(WHAT THE TASK ASKS): Report every line below that has the string "object" in it.

++++ INPUT DATA ++++

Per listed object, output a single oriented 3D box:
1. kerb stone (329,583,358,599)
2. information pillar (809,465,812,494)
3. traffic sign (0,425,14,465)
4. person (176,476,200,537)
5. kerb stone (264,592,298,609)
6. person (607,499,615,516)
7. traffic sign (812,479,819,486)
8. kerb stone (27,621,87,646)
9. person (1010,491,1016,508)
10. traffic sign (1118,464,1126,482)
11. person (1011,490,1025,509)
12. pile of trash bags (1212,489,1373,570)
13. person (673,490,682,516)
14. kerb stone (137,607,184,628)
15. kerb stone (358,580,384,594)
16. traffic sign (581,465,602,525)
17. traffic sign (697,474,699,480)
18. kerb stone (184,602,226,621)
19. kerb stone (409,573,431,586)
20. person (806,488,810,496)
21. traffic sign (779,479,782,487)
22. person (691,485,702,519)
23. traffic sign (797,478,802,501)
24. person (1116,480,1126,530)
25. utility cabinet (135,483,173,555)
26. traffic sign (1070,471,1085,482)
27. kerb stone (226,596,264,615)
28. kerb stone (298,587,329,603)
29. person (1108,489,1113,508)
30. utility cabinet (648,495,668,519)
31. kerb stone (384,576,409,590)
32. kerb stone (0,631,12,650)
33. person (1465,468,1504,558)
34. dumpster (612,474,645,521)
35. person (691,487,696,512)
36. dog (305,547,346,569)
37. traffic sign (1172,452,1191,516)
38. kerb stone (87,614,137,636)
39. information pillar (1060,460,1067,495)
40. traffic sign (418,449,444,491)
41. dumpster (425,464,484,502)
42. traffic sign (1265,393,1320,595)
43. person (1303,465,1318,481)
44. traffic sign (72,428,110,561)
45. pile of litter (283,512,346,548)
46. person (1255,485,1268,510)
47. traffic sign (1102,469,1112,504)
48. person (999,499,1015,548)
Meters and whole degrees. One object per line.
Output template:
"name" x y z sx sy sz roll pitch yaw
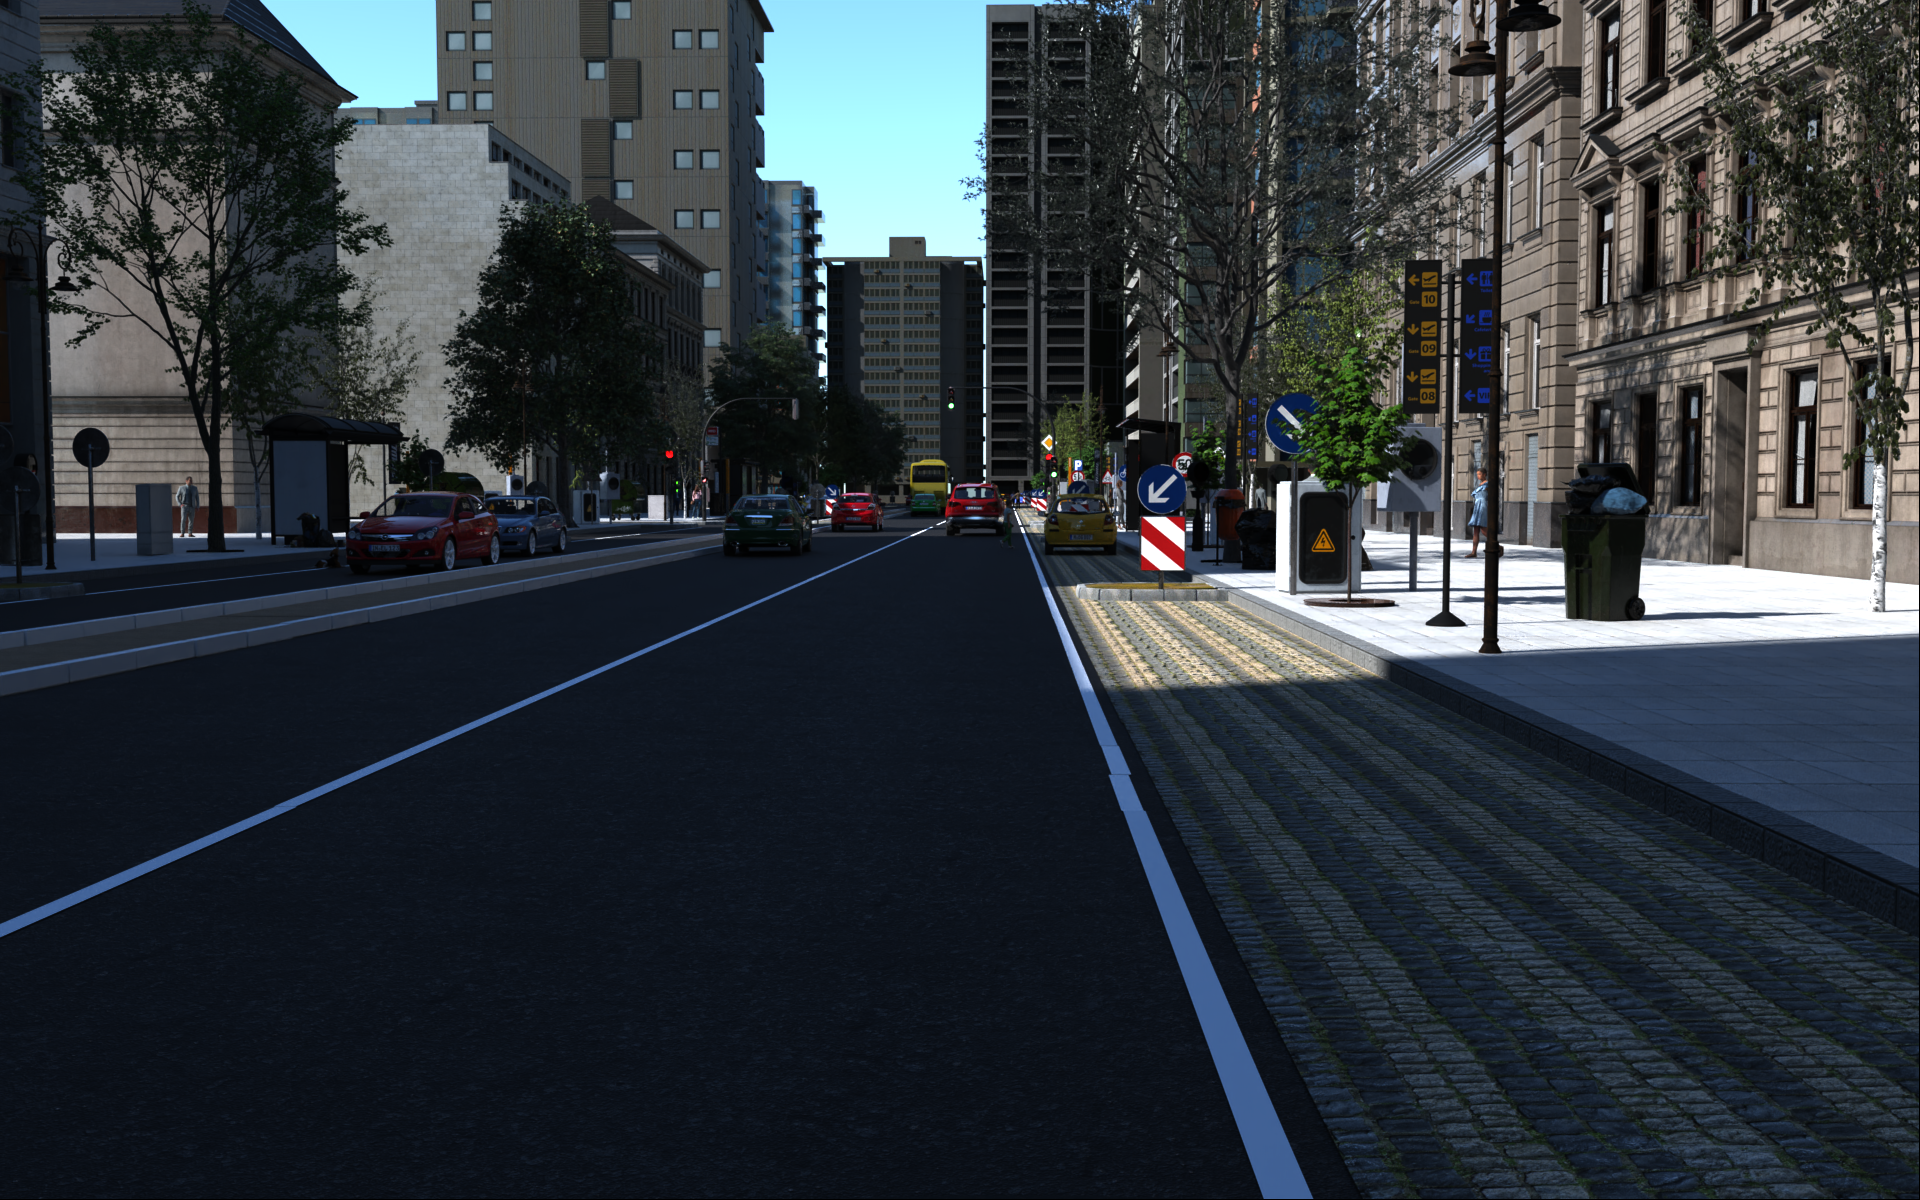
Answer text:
"kerb stone" -8.612 -0.109 23.970 0.120 0.150 1.000 0 4 2
"information pillar" -12.106 -9.138 140.762 0.183 3.616 0.504 -2 4 -24
"traffic sign" -17.481 -1.909 31.324 0.768 2.556 0.104 0 4 4
"person" -23.041 -2.786 51.697 0.391 1.810 0.635 3 5 44
"kerb stone" -8.668 0.019 21.899 0.120 0.150 1.000 0 4 2
"person" -20.687 -5.909 102.837 0.721 1.800 0.419 -3 5 -40
"traffic sign" -12.417 -9.058 148.208 0.768 2.556 0.104 0 4 5
"kerb stone" -8.806 0.332 16.764 0.120 0.150 1.000 0 4 2
"person" 5.482 -10.355 178.736 0.756 1.711 0.436 0 4 5
"traffic sign" 7.083 -4.483 73.403 0.768 2.556 0.104 1 4 8
"person" 5.455 -9.446 162.958 1.348 1.823 0.705 -1 4 -15
"pile of trash bags" 5.519 -1.236 29.964 1.912 1.369 3.447 -2 4 -30
"person" -16.951 -5.944 103.406 0.721 1.800 0.419 -1 4 -16
"kerb stone" -8.754 0.207 18.807 0.120 0.150 1.000 0 4 2
"kerb stone" -8.583 -0.171 24.993 0.120 0.150 1.000 0 4 2
"traffic sign" -15.434 -4.440 72.591 0.884 2.594 0.081 0 4 3
"traffic sign" -15.046 -6.171 100.628 0.795 2.593 0.064 0 4 7
"kerb stone" -8.729 0.144 19.841 0.120 0.150 1.000 0 4 2
"kerb stone" -8.525 -0.296 27.037 0.120 0.150 1.000 0 4 2
"person" -12.815 -8.567 146.507 0.661 1.777 0.834 -3 5 -43
"traffic sign" -13.848 -8.331 136.316 0.768 2.556 0.104 1 4 9
"person" -13.580 -5.048 89.171 0.593 1.750 0.643 -1 4 -13
"traffic sign" -12.741 -8.299 135.793 0.768 2.556 0.104 0 4 7
"person" 5.896 -3.443 62.612 0.573 1.790 0.520 -1 4 -13
"utility cabinet" -16.983 -1.701 36.494 0.318 1.500 1.173 0 4 -4
"traffic sign" 6.213 -5.585 91.423 0.768 2.556 0.104 0 4 6
"kerb stone" -8.689 0.082 20.873 0.120 0.150 1.000 0 4 2
"kerb stone" -8.650 -0.045 22.933 0.120 0.150 1.000 0 4 2
"person" 14.129 -9.586 163.289 0.721 1.766 1.217 -1 4 -8
"utility cabinet" -15.428 -4.734 88.557 1.020 1.237 0.306 1 4 19
"kerb stone" -8.555 -0.232 26.016 0.120 0.150 1.000 0 4 2
"kerb stone" -8.845 0.395 15.730 0.120 0.150 1.000 0 4 2
"person" 10.507 -1.751 34.769 0.778 1.811 0.616 0 4 -3
"dumpster" -16.187 -4.979 83.900 1.502 2.255 1.985 0 4 1
"person" -18.584 -6.995 120.963 0.362 1.759 0.519 3 5 39
"dog" -12.274 -0.814 33.508 0.748 0.427 0.550 -1 4 -17
"traffic sign" 6.791 -3.196 52.366 0.768 2.556 0.104 0 4 6
"kerb stone" -8.787 0.270 17.786 0.120 0.150 1.000 0 4 2
"information pillar" 7.037 -7.725 117.652 0.504 3.616 0.183 0 4 -7
"traffic sign" -14.912 -2.981 48.853 0.768 2.556 0.104 0 4 7
"dumpster" -16.207 -3.228 55.271 1.502 2.255 1.985 0 4 2
"traffic sign" 4.232 -1.334 21.915 0.768 2.556 0.104 0 4 5
"person" 5.068 -1.119 24.520 0.511 1.800 0.466 2 4 24
"traffic sign" -16.662 -2.025 33.209 0.768 2.556 0.104 0 4 8
"pile of litter" -15.640 -1.705 41.848 1.719 0.858 1.176 1 4 13
"person" 15.349 -5.006 87.999 0.694 1.812 0.767 3 4 37
"traffic sign" 7.504 -5.381 87.991 0.884 2.594 0.081 0 4 3
"person" 1.240 -2.011 45.625 0.590 1.304 0.306 -3 5 -42

++++

(FINISHED EXERCISE):
Per listed object, output a single oriented 3D box:
Meters and whole degrees. One object per line.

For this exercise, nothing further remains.